◆ REQUIRED ACTION:
Restate word for word the span that opens with the line containing "11.1 s after image 1." and closes with the final line of the data; give only those lines.

◆ GIVEN INFORMATION:
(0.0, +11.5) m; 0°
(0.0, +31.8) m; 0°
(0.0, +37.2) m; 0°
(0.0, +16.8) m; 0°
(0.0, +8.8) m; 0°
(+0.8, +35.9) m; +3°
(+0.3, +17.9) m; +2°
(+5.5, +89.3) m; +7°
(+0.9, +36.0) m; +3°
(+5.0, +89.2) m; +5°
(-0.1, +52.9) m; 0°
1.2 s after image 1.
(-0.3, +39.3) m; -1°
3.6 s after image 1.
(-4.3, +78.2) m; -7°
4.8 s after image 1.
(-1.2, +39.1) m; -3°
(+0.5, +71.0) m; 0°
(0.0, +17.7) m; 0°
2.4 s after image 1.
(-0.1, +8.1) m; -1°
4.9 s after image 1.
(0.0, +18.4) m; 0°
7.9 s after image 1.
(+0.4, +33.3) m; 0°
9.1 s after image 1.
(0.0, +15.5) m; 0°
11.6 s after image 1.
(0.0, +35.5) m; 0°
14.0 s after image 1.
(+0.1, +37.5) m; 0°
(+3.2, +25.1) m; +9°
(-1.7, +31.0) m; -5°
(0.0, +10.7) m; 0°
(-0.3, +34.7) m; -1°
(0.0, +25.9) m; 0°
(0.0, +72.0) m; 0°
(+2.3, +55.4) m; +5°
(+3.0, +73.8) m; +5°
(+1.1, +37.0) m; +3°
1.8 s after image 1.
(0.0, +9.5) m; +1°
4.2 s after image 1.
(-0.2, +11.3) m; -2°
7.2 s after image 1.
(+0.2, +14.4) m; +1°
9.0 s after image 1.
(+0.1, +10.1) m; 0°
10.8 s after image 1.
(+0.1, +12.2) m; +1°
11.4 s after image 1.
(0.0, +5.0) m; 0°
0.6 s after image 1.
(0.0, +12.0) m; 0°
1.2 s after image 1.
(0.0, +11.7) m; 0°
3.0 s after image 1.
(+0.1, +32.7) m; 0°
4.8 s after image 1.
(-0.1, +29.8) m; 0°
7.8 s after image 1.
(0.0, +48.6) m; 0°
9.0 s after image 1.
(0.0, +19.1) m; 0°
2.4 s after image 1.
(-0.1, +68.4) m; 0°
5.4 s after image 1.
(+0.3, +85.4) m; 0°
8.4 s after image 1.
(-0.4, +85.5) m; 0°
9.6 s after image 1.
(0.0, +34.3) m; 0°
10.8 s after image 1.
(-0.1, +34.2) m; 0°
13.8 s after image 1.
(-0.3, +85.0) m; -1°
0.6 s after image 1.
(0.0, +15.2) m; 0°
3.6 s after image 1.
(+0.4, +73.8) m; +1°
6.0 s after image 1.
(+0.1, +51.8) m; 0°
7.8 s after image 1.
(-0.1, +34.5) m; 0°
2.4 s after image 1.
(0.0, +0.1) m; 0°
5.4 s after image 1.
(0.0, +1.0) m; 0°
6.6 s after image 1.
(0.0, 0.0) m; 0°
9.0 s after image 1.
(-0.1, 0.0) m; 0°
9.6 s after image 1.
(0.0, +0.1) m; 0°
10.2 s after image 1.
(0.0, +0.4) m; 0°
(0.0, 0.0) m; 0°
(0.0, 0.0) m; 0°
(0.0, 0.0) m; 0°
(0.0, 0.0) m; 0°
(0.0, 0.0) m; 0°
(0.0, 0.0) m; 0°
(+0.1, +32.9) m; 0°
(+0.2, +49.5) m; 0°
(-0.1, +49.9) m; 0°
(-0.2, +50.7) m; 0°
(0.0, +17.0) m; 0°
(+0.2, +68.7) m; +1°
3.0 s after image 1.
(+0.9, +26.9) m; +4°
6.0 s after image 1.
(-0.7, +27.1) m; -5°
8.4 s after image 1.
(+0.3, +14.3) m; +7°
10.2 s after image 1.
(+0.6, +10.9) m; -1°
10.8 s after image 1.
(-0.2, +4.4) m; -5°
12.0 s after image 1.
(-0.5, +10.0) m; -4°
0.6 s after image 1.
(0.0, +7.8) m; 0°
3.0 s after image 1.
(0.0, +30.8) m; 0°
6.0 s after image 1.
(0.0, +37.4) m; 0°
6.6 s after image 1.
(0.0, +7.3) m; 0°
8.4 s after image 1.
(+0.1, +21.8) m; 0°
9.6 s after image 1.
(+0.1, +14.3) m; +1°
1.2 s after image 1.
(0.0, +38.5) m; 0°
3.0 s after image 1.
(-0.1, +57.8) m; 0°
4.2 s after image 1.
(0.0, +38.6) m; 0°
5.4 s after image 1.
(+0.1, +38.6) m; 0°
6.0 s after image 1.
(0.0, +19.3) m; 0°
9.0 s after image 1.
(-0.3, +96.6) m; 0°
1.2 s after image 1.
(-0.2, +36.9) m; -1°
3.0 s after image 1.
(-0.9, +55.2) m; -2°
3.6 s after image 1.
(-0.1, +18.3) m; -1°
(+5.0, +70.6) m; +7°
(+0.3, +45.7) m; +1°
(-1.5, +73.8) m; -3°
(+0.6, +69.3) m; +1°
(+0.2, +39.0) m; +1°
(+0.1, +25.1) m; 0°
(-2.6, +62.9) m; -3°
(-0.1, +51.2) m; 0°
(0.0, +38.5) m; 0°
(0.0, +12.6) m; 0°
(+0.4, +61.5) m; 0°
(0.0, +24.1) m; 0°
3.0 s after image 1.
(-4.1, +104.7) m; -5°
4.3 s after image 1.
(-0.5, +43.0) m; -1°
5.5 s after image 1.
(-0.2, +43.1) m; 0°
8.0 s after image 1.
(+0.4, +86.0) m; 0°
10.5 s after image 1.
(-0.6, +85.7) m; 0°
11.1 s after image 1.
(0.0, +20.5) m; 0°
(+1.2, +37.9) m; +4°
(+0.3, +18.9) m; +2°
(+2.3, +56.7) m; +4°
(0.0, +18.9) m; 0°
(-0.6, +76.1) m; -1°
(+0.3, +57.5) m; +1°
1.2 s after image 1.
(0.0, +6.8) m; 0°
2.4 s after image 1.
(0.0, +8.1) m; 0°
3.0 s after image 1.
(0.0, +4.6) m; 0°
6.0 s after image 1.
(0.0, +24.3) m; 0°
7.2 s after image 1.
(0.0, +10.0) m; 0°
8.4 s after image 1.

◆ SOLUTION BELOW:
11.1 s after image 1.
(0.0, +20.5) m; 0°
(+1.2, +37.9) m; +4°
(+0.3, +18.9) m; +2°
(+2.3, +56.7) m; +4°
(0.0, +18.9) m; 0°
(-0.6, +76.1) m; -1°
(+0.3, +57.5) m; +1°
1.2 s after image 1.
(0.0, +6.8) m; 0°
2.4 s after image 1.
(0.0, +8.1) m; 0°
3.0 s after image 1.
(0.0, +4.6) m; 0°
6.0 s after image 1.
(0.0, +24.3) m; 0°
7.2 s after image 1.
(0.0, +10.0) m; 0°
8.4 s after image 1.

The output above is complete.